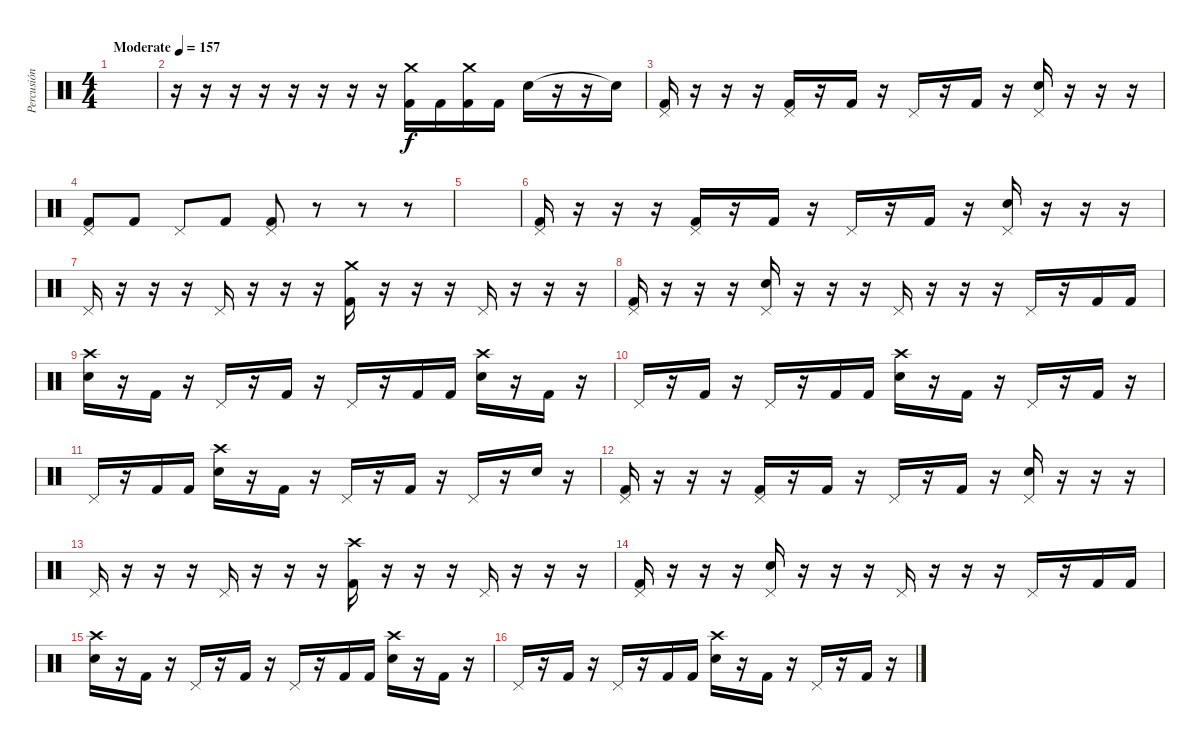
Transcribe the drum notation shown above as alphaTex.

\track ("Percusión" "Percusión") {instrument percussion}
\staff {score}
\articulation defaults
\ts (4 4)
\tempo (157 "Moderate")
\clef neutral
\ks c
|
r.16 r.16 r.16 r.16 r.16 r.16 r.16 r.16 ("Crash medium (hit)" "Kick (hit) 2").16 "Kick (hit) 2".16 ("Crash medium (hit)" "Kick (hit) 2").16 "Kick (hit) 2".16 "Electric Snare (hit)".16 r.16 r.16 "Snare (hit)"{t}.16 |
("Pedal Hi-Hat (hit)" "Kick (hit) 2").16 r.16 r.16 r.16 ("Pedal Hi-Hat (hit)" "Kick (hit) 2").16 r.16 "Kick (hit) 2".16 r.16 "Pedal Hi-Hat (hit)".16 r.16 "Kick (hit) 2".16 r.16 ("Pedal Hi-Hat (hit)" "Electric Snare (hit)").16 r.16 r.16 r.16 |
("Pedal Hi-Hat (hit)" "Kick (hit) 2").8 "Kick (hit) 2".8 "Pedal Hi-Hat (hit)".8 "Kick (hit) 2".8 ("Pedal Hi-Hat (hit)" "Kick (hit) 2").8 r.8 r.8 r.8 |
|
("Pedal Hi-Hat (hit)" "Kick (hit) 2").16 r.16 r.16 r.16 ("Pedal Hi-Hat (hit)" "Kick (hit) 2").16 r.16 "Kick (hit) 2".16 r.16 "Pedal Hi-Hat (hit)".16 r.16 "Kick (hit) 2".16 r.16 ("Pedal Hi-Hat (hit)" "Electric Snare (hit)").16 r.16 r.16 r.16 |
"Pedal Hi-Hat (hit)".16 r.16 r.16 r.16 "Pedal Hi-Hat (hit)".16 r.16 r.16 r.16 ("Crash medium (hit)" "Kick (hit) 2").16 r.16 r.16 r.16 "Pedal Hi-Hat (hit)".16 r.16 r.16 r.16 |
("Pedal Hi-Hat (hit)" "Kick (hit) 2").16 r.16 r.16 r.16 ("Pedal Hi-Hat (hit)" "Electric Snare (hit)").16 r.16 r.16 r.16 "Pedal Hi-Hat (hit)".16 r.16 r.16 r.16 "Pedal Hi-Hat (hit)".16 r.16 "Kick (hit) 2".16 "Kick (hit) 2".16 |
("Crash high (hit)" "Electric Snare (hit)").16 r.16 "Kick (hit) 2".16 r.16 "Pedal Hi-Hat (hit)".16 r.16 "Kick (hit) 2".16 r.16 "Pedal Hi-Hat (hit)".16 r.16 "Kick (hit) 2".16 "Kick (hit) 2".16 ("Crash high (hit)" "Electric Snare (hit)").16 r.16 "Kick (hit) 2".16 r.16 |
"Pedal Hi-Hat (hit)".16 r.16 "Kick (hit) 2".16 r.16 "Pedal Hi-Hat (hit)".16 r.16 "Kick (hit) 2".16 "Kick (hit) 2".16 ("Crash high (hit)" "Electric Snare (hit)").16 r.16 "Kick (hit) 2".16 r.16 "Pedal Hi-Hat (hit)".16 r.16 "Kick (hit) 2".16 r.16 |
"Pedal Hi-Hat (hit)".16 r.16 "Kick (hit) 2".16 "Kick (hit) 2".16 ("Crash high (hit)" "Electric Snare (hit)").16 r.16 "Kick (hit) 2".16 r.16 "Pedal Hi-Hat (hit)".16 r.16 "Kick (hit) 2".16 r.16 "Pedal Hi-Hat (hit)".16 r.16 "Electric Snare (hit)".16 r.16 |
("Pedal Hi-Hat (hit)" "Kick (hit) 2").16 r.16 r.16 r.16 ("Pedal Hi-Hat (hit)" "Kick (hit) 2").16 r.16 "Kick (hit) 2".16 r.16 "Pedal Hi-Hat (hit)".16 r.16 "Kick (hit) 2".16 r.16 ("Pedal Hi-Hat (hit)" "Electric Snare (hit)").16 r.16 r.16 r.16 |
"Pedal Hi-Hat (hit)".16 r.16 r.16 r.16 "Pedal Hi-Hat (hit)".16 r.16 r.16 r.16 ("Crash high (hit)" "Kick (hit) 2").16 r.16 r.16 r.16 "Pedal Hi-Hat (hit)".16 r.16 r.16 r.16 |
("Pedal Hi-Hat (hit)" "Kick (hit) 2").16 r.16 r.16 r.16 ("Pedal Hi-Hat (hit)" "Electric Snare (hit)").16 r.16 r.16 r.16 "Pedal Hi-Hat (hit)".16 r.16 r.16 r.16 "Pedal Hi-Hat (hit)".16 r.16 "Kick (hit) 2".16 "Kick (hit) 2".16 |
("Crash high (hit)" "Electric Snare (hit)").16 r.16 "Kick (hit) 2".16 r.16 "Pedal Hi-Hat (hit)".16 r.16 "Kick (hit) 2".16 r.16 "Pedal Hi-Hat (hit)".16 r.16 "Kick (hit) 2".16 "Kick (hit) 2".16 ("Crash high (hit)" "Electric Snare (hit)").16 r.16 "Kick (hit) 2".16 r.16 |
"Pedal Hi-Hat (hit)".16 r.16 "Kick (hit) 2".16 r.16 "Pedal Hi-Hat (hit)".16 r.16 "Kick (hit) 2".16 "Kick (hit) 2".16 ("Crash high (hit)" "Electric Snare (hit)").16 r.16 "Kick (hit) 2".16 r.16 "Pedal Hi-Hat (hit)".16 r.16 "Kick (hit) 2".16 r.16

## THE TASK
Write the lines above out again exactly, excluding every picture.

## RESULT OF THIS EXERCISE
Transcribe the drum notation shown above as alphaTex.

\track ("Percusión" "Percusión") {instrument percussion}
\staff {score}
\articulation defaults
\ts (4 4)
\tempo (157 "Moderate")
\clef neutral
\ks c
|
r.16 r.16 r.16 r.16 r.16 r.16 r.16 r.16 ("Crash medium (hit)" "Kick (hit) 2").16 "Kick (hit) 2".16 ("Crash medium (hit)" "Kick (hit) 2").16 "Kick (hit) 2".16 "Electric Snare (hit)".16 r.16 r.16 "Snare (hit)"{t}.16 |
("Pedal Hi-Hat (hit)" "Kick (hit) 2").16 r.16 r.16 r.16 ("Pedal Hi-Hat (hit)" "Kick (hit) 2").16 r.16 "Kick (hit) 2".16 r.16 "Pedal Hi-Hat (hit)".16 r.16 "Kick (hit) 2".16 r.16 ("Pedal Hi-Hat (hit)" "Electric Snare (hit)").16 r.16 r.16 r.16 |
("Pedal Hi-Hat (hit)" "Kick (hit) 2").8 "Kick (hit) 2".8 "Pedal Hi-Hat (hit)".8 "Kick (hit) 2".8 ("Pedal Hi-Hat (hit)" "Kick (hit) 2").8 r.8 r.8 r.8 |
|
("Pedal Hi-Hat (hit)" "Kick (hit) 2").16 r.16 r.16 r.16 ("Pedal Hi-Hat (hit)" "Kick (hit) 2").16 r.16 "Kick (hit) 2".16 r.16 "Pedal Hi-Hat (hit)".16 r.16 "Kick (hit) 2".16 r.16 ("Pedal Hi-Hat (hit)" "Electric Snare (hit)").16 r.16 r.16 r.16 |
"Pedal Hi-Hat (hit)".16 r.16 r.16 r.16 "Pedal Hi-Hat (hit)".16 r.16 r.16 r.16 ("Crash medium (hit)" "Kick (hit) 2").16 r.16 r.16 r.16 "Pedal Hi-Hat (hit)".16 r.16 r.16 r.16 |
("Pedal Hi-Hat (hit)" "Kick (hit) 2").16 r.16 r.16 r.16 ("Pedal Hi-Hat (hit)" "Electric Snare (hit)").16 r.16 r.16 r.16 "Pedal Hi-Hat (hit)".16 r.16 r.16 r.16 "Pedal Hi-Hat (hit)".16 r.16 "Kick (hit) 2".16 "Kick (hit) 2".16 |
("Crash high (hit)" "Electric Snare (hit)").16 r.16 "Kick (hit) 2".16 r.16 "Pedal Hi-Hat (hit)".16 r.16 "Kick (hit) 2".16 r.16 "Pedal Hi-Hat (hit)".16 r.16 "Kick (hit) 2".16 "Kick (hit) 2".16 ("Crash high (hit)" "Electric Snare (hit)").16 r.16 "Kick (hit) 2".16 r.16 |
"Pedal Hi-Hat (hit)".16 r.16 "Kick (hit) 2".16 r.16 "Pedal Hi-Hat (hit)".16 r.16 "Kick (hit) 2".16 "Kick (hit) 2".16 ("Crash high (hit)" "Electric Snare (hit)").16 r.16 "Kick (hit) 2".16 r.16 "Pedal Hi-Hat (hit)".16 r.16 "Kick (hit) 2".16 r.16 |
"Pedal Hi-Hat (hit)".16 r.16 "Kick (hit) 2".16 "Kick (hit) 2".16 ("Crash high (hit)" "Electric Snare (hit)").16 r.16 "Kick (hit) 2".16 r.16 "Pedal Hi-Hat (hit)".16 r.16 "Kick (hit) 2".16 r.16 "Pedal Hi-Hat (hit)".16 r.16 "Electric Snare (hit)".16 r.16 |
("Pedal Hi-Hat (hit)" "Kick (hit) 2").16 r.16 r.16 r.16 ("Pedal Hi-Hat (hit)" "Kick (hit) 2").16 r.16 "Kick (hit) 2".16 r.16 "Pedal Hi-Hat (hit)".16 r.16 "Kick (hit) 2".16 r.16 ("Pedal Hi-Hat (hit)" "Electric Snare (hit)").16 r.16 r.16 r.16 |
"Pedal Hi-Hat (hit)".16 r.16 r.16 r.16 "Pedal Hi-Hat (hit)".16 r.16 r.16 r.16 ("Crash high (hit)" "Kick (hit) 2").16 r.16 r.16 r.16 "Pedal Hi-Hat (hit)".16 r.16 r.16 r.16 |
("Pedal Hi-Hat (hit)" "Kick (hit) 2").16 r.16 r.16 r.16 ("Pedal Hi-Hat (hit)" "Electric Snare (hit)").16 r.16 r.16 r.16 "Pedal Hi-Hat (hit)".16 r.16 r.16 r.16 "Pedal Hi-Hat (hit)".16 r.16 "Kick (hit) 2".16 "Kick (hit) 2".16 |
("Crash high (hit)" "Electric Snare (hit)").16 r.16 "Kick (hit) 2".16 r.16 "Pedal Hi-Hat (hit)".16 r.16 "Kick (hit) 2".16 r.16 "Pedal Hi-Hat (hit)".16 r.16 "Kick (hit) 2".16 "Kick (hit) 2".16 ("Crash high (hit)" "Electric Snare (hit)").16 r.16 "Kick (hit) 2".16 r.16 |
"Pedal Hi-Hat (hit)".16 r.16 "Kick (hit) 2".16 r.16 "Pedal Hi-Hat (hit)".16 r.16 "Kick (hit) 2".16 "Kick (hit) 2".16 ("Crash high (hit)" "Electric Snare (hit)").16 r.16 "Kick (hit) 2".16 r.16 "Pedal Hi-Hat (hit)".16 r.16 "Kick (hit) 2".16 r.16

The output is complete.